Note that it makes use of your metadata_key field in order to filter the documents without changing their content.

Try experimenting with other Benthos processors, you can find the documentation at docs.benthos.dev/processors.

Next Steps

After playing around with Benthos processors you should check out the various inputs, outputs, metrics aggregators and tracers that it’s able to hook up with.

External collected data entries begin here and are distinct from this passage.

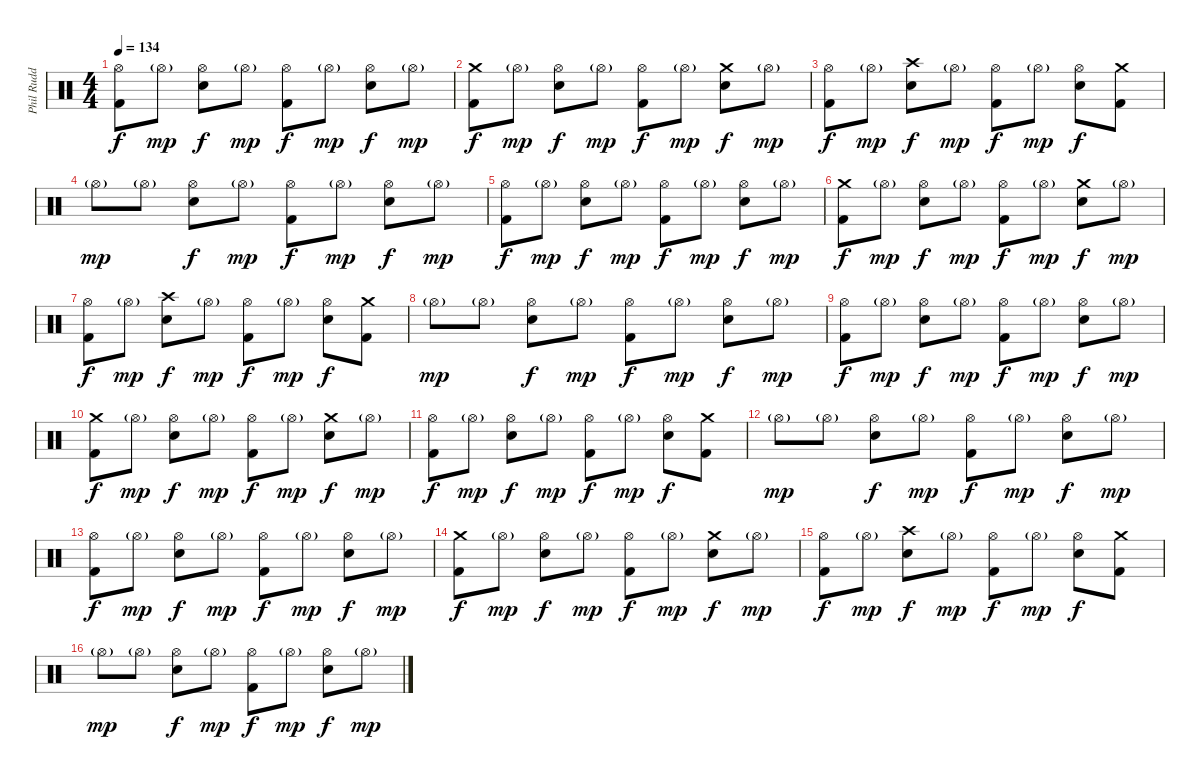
\track ("Phil Rudd" "Phil Rudd") {instrument percussion}
\staff {score}
\articulation defaults
\ts (4 4)
\tempo 134
\clef neutral
\ks c
("Hi-Hat (open)" "Kick (hit) 2").8{dy f} "Hi-Hat (open)"{g}.8{dy mp} ("Hi-Hat (open)" "Snare (hit) 2").8{dy f} "Hi-Hat (open)"{g}.8{dy mp} ("Hi-Hat (open)" "Kick (hit) 2").8{dy f} "Hi-Hat (open)"{g}.8{dy mp} ("Hi-Hat (open)" "Snare (hit) 2").8{dy f} "Hi-Hat (open)"{g}.8{dy mp} |
("Crash medium (hit)" "Kick (hit) 2").8{dy f} "Hi-Hat (open)"{g}.8{dy mp} ("Hi-Hat (open)" "Snare (hit) 2").8{dy f} "Hi-Hat (open)"{g}.8{dy mp} ("Hi-Hat (open)" "Kick (hit) 2").8{dy f} "Hi-Hat (open)"{g}.8{dy mp} ("Crash medium (hit)" "Snare (hit) 2").8{dy f} "Hi-Hat (open)"{g}.8{dy mp} |
("Hi-Hat (open)" "Kick (hit) 2").8{dy f} "Hi-Hat (open)"{g}.8{dy mp} ("Crash high (hit)" "Snare (hit) 2").8{dy f} "Hi-Hat (open)"{g}.8{dy mp} ("Hi-Hat (open)" "Kick (hit) 2").8{dy f} "Hi-Hat (open)"{g}.8{dy mp} ("Hi-Hat (open)" "Snare (hit) 2").8{dy f} ("Crash medium (hit)" "Kick (hit) 2").8 |
"Hi-Hat (open)"{g}.8{dy mp} "Hi-Hat (open)"{g}.8 ("Hi-Hat (open)" "Snare (hit) 2").8{dy f} "Hi-Hat (open)"{g}.8{dy mp} ("Hi-Hat (open)" "Kick (hit) 2").8{dy f} "Hi-Hat (open)"{g}.8{dy mp} ("Hi-Hat (open)" "Snare (hit) 2").8{dy f} "Hi-Hat (open)"{g}.8{dy mp} |
("Hi-Hat (open)" "Kick (hit) 2").8{dy f} "Hi-Hat (open)"{g}.8{dy mp} ("Hi-Hat (open)" "Snare (hit) 2").8{dy f} "Hi-Hat (open)"{g}.8{dy mp} ("Hi-Hat (open)" "Kick (hit) 2").8{dy f} "Hi-Hat (open)"{g}.8{dy mp} ("Hi-Hat (open)" "Snare (hit) 2").8{dy f} "Hi-Hat (open)"{g}.8{dy mp} |
("Crash medium (hit)" "Kick (hit) 2").8{dy f} "Hi-Hat (open)"{g}.8{dy mp} ("Hi-Hat (open)" "Snare (hit) 2").8{dy f} "Hi-Hat (open)"{g}.8{dy mp} ("Hi-Hat (open)" "Kick (hit) 2").8{dy f} "Hi-Hat (open)"{g}.8{dy mp} ("Crash medium (hit)" "Snare (hit) 2").8{dy f} "Hi-Hat (open)"{g}.8{dy mp} |
("Hi-Hat (open)" "Kick (hit) 2").8{dy f} "Hi-Hat (open)"{g}.8{dy mp} ("Crash high (hit)" "Snare (hit) 2").8{dy f} "Hi-Hat (open)"{g}.8{dy mp} ("Hi-Hat (open)" "Kick (hit) 2").8{dy f} "Hi-Hat (open)"{g}.8{dy mp} ("Hi-Hat (open)" "Snare (hit) 2").8{dy f} ("Crash medium (hit)" "Kick (hit) 2").8 |
"Hi-Hat (open)"{g}.8{dy mp} "Hi-Hat (open)"{g}.8 ("Hi-Hat (open)" "Snare (hit) 2").8{dy f} "Hi-Hat (open)"{g}.8{dy mp} ("Hi-Hat (open)" "Kick (hit) 2").8{dy f} "Hi-Hat (open)"{g}.8{dy mp} ("Hi-Hat (open)" "Snare (hit) 2").8{dy f} "Hi-Hat (open)"{g}.8{dy mp} |
("Hi-Hat (open)" "Kick (hit) 2").8{dy f} "Hi-Hat (open)"{g}.8{dy mp} ("Hi-Hat (open)" "Snare (hit) 2").8{dy f} "Hi-Hat (open)"{g}.8{dy mp} ("Hi-Hat (open)" "Kick (hit) 2").8{dy f} "Hi-Hat (open)"{g}.8{dy mp} ("Hi-Hat (open)" "Snare (hit) 2").8{dy f} "Hi-Hat (open)"{g}.8{dy mp} |
("Crash medium (hit)" "Kick (hit) 2").8{dy f} "Hi-Hat (open)"{g}.8{dy mp} ("Hi-Hat (open)" "Snare (hit) 2").8{dy f} "Hi-Hat (open)"{g}.8{dy mp} ("Hi-Hat (open)" "Kick (hit) 2").8{dy f} "Hi-Hat (open)"{g}.8{dy mp} ("Crash medium (hit)" "Snare (hit) 2").8{dy f} "Hi-Hat (open)"{g}.8{dy mp} |
("Hi-Hat (open)" "Kick (hit) 2").8{dy f} "Hi-Hat (open)"{g}.8{dy mp} ("Hi-Hat (open)" "Snare (hit) 2").8{dy f} "Hi-Hat (open)"{g}.8{dy mp} ("Hi-Hat (open)" "Kick (hit) 2").8{dy f} "Hi-Hat (open)"{g}.8{dy mp} ("Hi-Hat (open)" "Snare (hit) 2").8{dy f} ("Crash medium (hit)" "Kick (hit) 2").8 |
"Hi-Hat (open)"{g}.8{dy mp} "Hi-Hat (open)"{g}.8 ("Hi-Hat (open)" "Snare (hit) 2").8{dy f} "Hi-Hat (open)"{g}.8{dy mp} ("Hi-Hat (open)" "Kick (hit) 2").8{dy f} "Hi-Hat (open)"{g}.8{dy mp} ("Hi-Hat (open)" "Snare (hit) 2").8{dy f} "Hi-Hat (open)"{g}.8{dy mp} |
("Hi-Hat (open)" "Kick (hit) 2").8{dy f} "Hi-Hat (open)"{g}.8{dy mp} ("Hi-Hat (open)" "Snare (hit) 2").8{dy f} "Hi-Hat (open)"{g}.8{dy mp} ("Hi-Hat (open)" "Kick (hit) 2").8{dy f} "Hi-Hat (open)"{g}.8{dy mp} ("Hi-Hat (open)" "Snare (hit) 2").8{dy f} "Hi-Hat (open)"{g}.8{dy mp} |
("Crash medium (hit)" "Kick (hit) 2").8{dy f} "Hi-Hat (open)"{g}.8{dy mp} ("Hi-Hat (open)" "Snare (hit) 2").8{dy f} "Hi-Hat (open)"{g}.8{dy mp} ("Hi-Hat (open)" "Kick (hit) 2").8{dy f} "Hi-Hat (open)"{g}.8{dy mp} ("Crash medium (hit)" "Snare (hit) 2").8{dy f} "Hi-Hat (open)"{g}.8{dy mp} |
("Hi-Hat (open)" "Kick (hit) 2").8{dy f} "Hi-Hat (open)"{g}.8{dy mp} ("Crash high (hit)" "Snare (hit) 2").8{dy f} "Hi-Hat (open)"{g}.8{dy mp} ("Hi-Hat (open)" "Kick (hit) 2").8{dy f} "Hi-Hat (open)"{g}.8{dy mp} ("Hi-Hat (open)" "Snare (hit) 2").8{dy f} ("Crash medium (hit)" "Kick (hit) 2").8 |
"Hi-Hat (open)"{g}.8{dy mp} "Hi-Hat (open)"{g}.8 ("Hi-Hat (open)" "Snare (hit) 2").8{dy f} "Hi-Hat (open)"{g}.8{dy mp} ("Hi-Hat (open)" "Kick (hit) 2").8{dy f} "Hi-Hat (open)"{g}.8{dy mp} ("Hi-Hat (open)" "Snare (hit) 2").8{dy f} "Hi-Hat (open)"{g}.8{dy mp}

For example, here’s a modified version of the previous config where we write from Kafka to an S3 bucket, sending our metrics to Prometheus:

http:
  address: 0.0.0.0:4195

input:
  kafka_balanced:
    addresses:
    - localhost:9092
    consumer_group: foo_consumer_group
    topics:
    - foo_stream

pipeline:
  processors:
  - type: how_sarcastic
    plugin:
      metadata_key: sarcasm
  - filter_parts:
      metadata:
        operator: less_than
        key: sarcasm
        arg: 80

output:
  s3:
    bucket: foo_bucket
    content_type: application/json
    path: ${!metadata:kafka_key}-${!timestamp_unix_nano}-${!count:files}.json

metrics:
  # Endpoint hosted at both :4195/stats and :4195/metrics
  type: prometheus

I’m sure you’ll make great use of Benthos plugins with your extremely important work /s.